- Route of the EO19 road, in blue

Route information
- Length: 124.8 km (77.5 mi)
- Existed: 9 July 1963–present
- History: Renumbered from the EO18 on 15 December 1995

Major junctions
- South end: Nicopolis
- North end: Border with Albania (Mavromati)

Location
- Country: Greece
- Regions: Epirus
- Primary destinations: Nicopolis; Kanallaki; Paramythia; Neraida (Menina); Filiates; Sagiada; Border with Albania (Mavromati);

Highway system
- Highways in Greece; Motorways; National roads;
| ← EO17 |  | → EO20 |

= Greek National Road 19 =

Trunk road in Greece

National Road 19 (Εθνική Οδός 19), abbreviated as the EO19, is a national road in northwestern Greece. The EO19 runs through the Epirus region, from Nicopolis (near Preveza) to the border with Albania at Mavromati (near Konispol).

The EO19 was created as National Road 18 (EO18) in 1963, originally running from Nicopolis to Neraida: in 1995, it adopted its current number, and was extended towards Sagiada.

==Route==

The EO19 is officially defined as a north–south road through the Epirus region: it runs between Nicopolis (near Preveza) in the south, to the border with Albania at Mavromati (near Konispol), via Kanallaki, Paramythia, Neraida (Menina), Filiates, and Sagiada.
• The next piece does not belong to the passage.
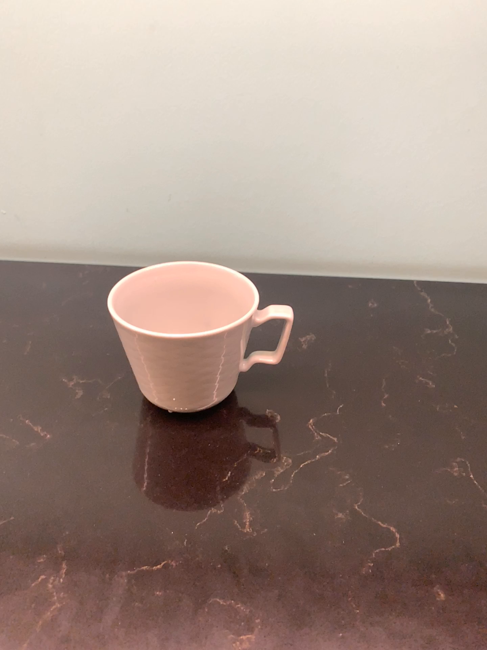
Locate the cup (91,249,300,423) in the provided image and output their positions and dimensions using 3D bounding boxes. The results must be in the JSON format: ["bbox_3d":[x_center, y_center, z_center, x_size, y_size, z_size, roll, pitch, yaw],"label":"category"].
[{"bbox_3d":[-0.028,0.004,0.374,0.130,0.080,0.100,3,34,2],"label":"cup"}]
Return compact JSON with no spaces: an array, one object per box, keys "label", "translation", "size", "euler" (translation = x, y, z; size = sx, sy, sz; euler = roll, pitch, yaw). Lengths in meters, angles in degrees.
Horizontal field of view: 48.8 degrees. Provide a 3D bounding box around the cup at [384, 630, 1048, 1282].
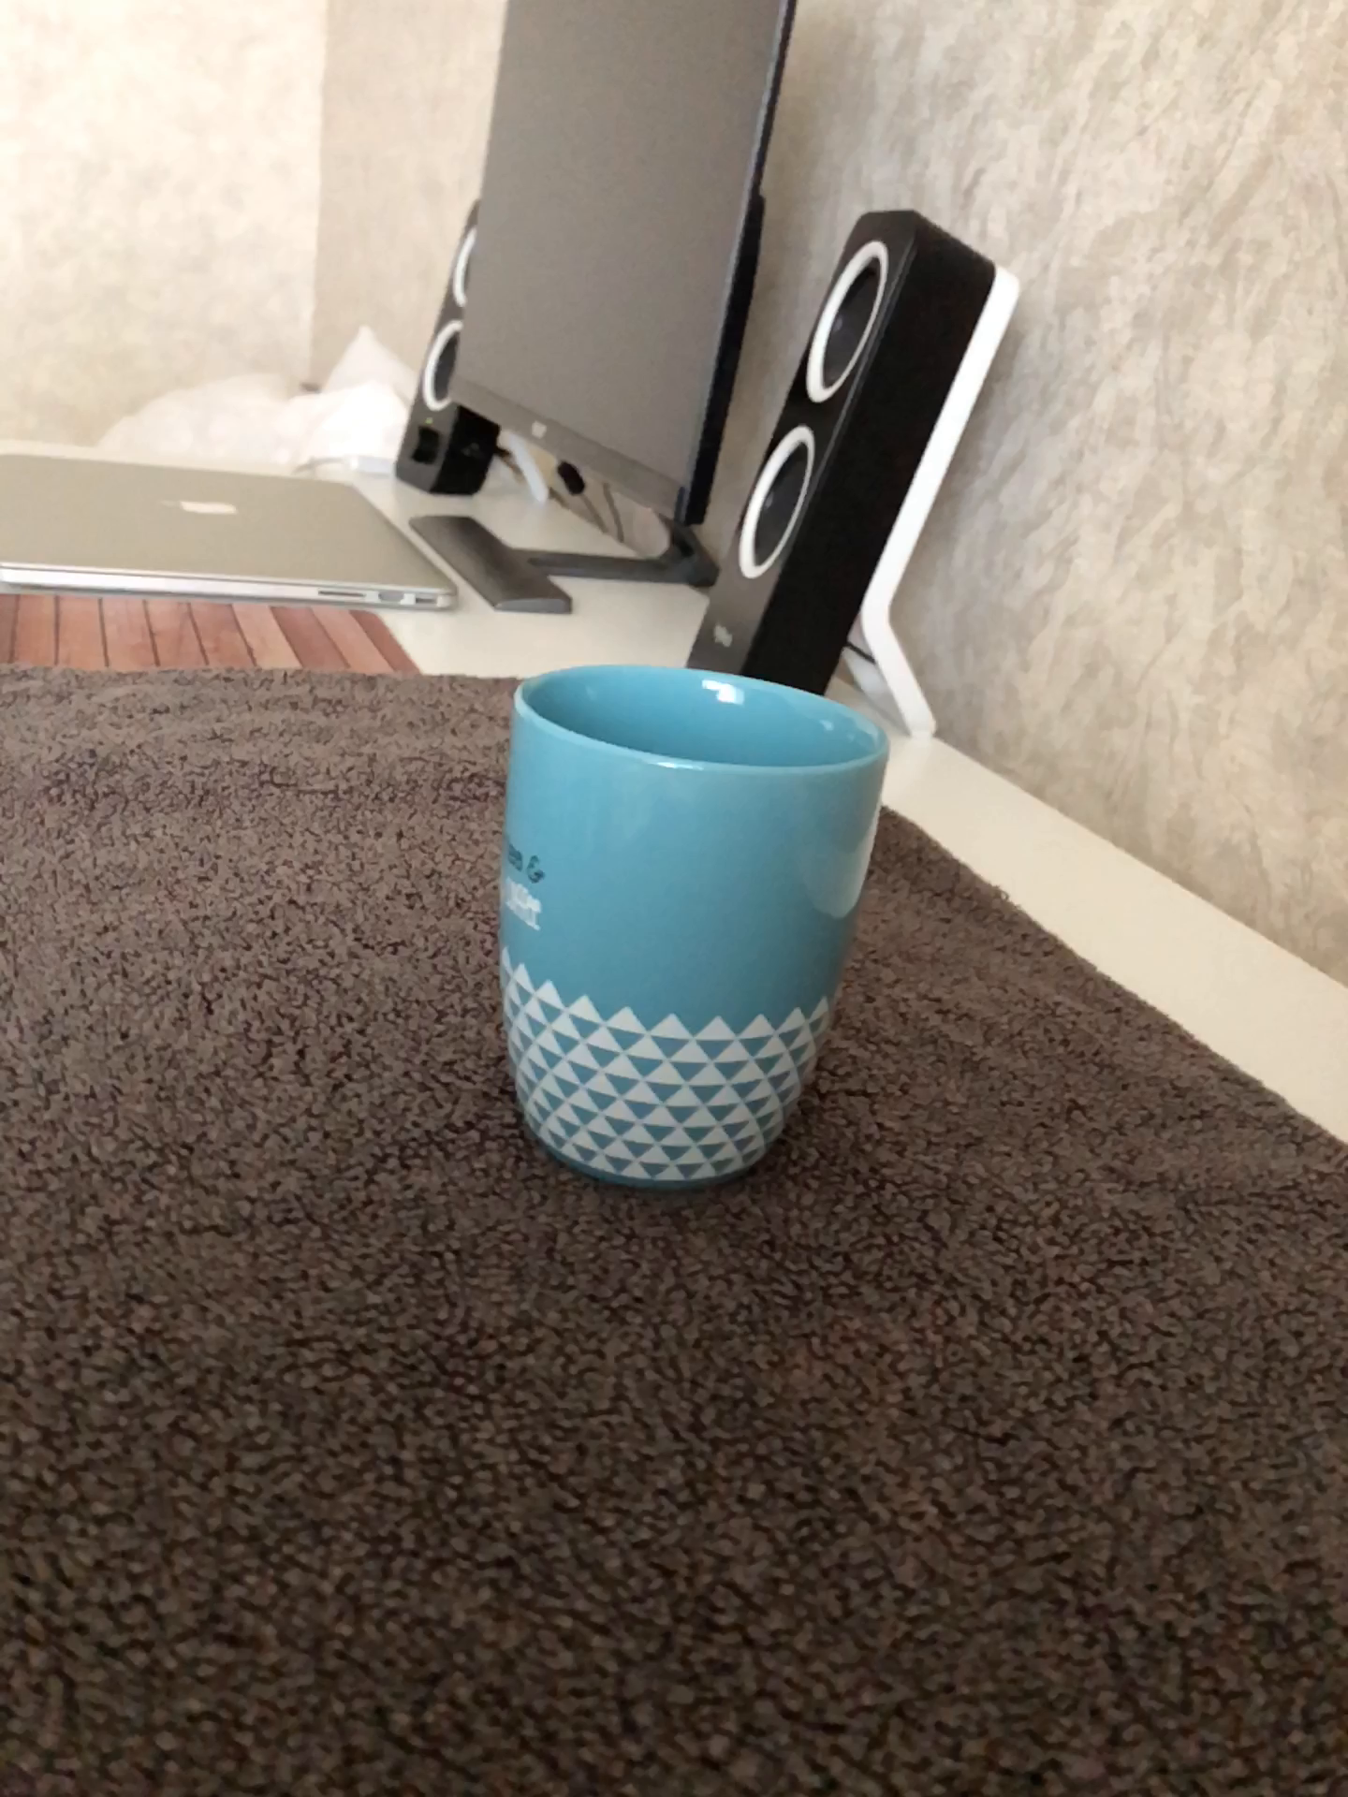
[{"label":"cup","translation":[-0.001,0.002,0.327],"size":[0.087,0.090,0.126],"euler":[-3,24,-27]}]

The EO19 runs concurrently with the EO6 for a short distance at Neraida, and with the Fraxyla–Limpochoviti and Igoumenitsa–Actium national roads between Nicopolis and Archangelos.

==History==

Ministerial Decision G25871 of 9 July 1963 created the then-EO18 from most of the short-lived (1955–1963) EO27, from Nicopolis to Neraida. In 1995, Ministerial Decision DMEO/e/O/1308 of 15 December 1995 renumbered to EO18 to the EO19, and extended the road over the remainder of the old EO27 towards Sagiada: thus the EO19 is the only national road under the current system to be fully renumbered.